Öyle bakınca gezdiğimiz yerlerdeki dağınık dökük haller daha bir gözüme battı, düzenlenmiş ve derli toplu mekânlar ile daha bir gururlandım.

Giritli mahallesi restoranlaşmış, Taş Mektep bembeyaza boyanmış, Gölyazı deseniz toz toprak içindeydi.
Ben de eski ve tarihi yapılar yıkık dökük kalmasın, viraneye dönmesin, yaşamaya devam etsin, tarihimizi yaşatsın istiyorum.
Lakin yenilenen her şeyde makyajın fazla kaçıp alttaki suretin kaybolmasını istemiyorum...
Yoksa gelen neye gelsin, giden neye gitsin, değil mi?

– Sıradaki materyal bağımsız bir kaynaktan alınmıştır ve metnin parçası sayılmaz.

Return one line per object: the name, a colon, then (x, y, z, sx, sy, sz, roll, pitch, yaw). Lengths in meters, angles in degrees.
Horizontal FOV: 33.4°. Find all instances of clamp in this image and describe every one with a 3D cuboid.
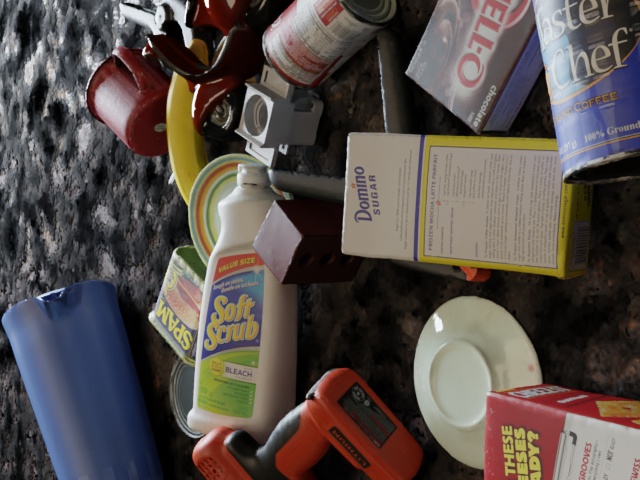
clamp: (-0.150, -0.241, 1.102, 0.172, 0.039, 0.120, 51, 135, 31)
clamp: (0.065, -0.053, 0.830, 0.210, 0.036, 0.165, 44, 112, 28)

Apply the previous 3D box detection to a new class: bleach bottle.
bleach bottle: (-0.069, 0.055, 0.975, 0.103, 0.067, 0.251, 8, 102, 32)

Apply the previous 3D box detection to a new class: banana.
banana: (-0.120, -0.095, 1.055, 0.070, 0.037, 0.198, -11, 96, 22)

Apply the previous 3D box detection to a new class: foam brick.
foam brick: (-0.006, 0.001, 0.903, 0.051, 0.078, 0.053, 53, 130, 37)

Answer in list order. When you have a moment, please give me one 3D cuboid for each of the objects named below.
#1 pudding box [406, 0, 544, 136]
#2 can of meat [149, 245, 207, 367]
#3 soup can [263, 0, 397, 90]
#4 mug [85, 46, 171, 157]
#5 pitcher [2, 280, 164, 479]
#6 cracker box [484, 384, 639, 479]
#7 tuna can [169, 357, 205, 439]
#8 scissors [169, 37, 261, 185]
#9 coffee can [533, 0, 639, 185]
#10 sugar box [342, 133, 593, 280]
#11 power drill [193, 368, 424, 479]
pudding box: (0.121, -0.145, 0.765, 0.090, 0.039, 0.114, 48, 128, 38)
can of meat: (-0.119, 0.065, 1.067, 0.102, 0.057, 0.084, 42, 121, 41)
soup can: (0.007, -0.179, 0.883, 0.102, 0.068, 0.068, -36, 65, 46)
mug: (-0.185, -0.148, 1.102, 0.082, 0.093, 0.117, 44, 155, 35)
pitcher: (-0.261, 0.180, 1.210, 0.145, 0.149, 0.243, -32, 70, 31)
cracker box: (0.201, 0.188, 0.660, 0.214, 0.071, 0.164, 6, 96, 52)
tuna can: (-0.117, 0.157, 1.087, 0.086, 0.033, 0.086, 4, 95, 51)
scissors: (-0.102, -0.111, 1.067, 0.096, 0.016, 0.202, 50, 129, 36)
coffee can: (0.184, -0.112, 0.637, 0.103, 0.102, 0.140, -17, 79, 51)
sugar box: (0.101, -0.028, 0.756, 0.177, 0.048, 0.093, 7, 96, 36)
power drill: (-0.002, 0.206, 0.897, 0.184, 0.057, 0.188, 48, 125, 1)

Friendship Force International - Bursa Dostluk Derneği ve konuklarına dönecek olursak;

Bu gezi ile Türk insanını, kültürünü, tarihini, zenginliklerini ve coğrafyasını tanıyan konukların Bursa’dan gözyaşları içinde ayrıldıklarını duyduğumda “Maksat hasıl olmuş.” dedim içimden.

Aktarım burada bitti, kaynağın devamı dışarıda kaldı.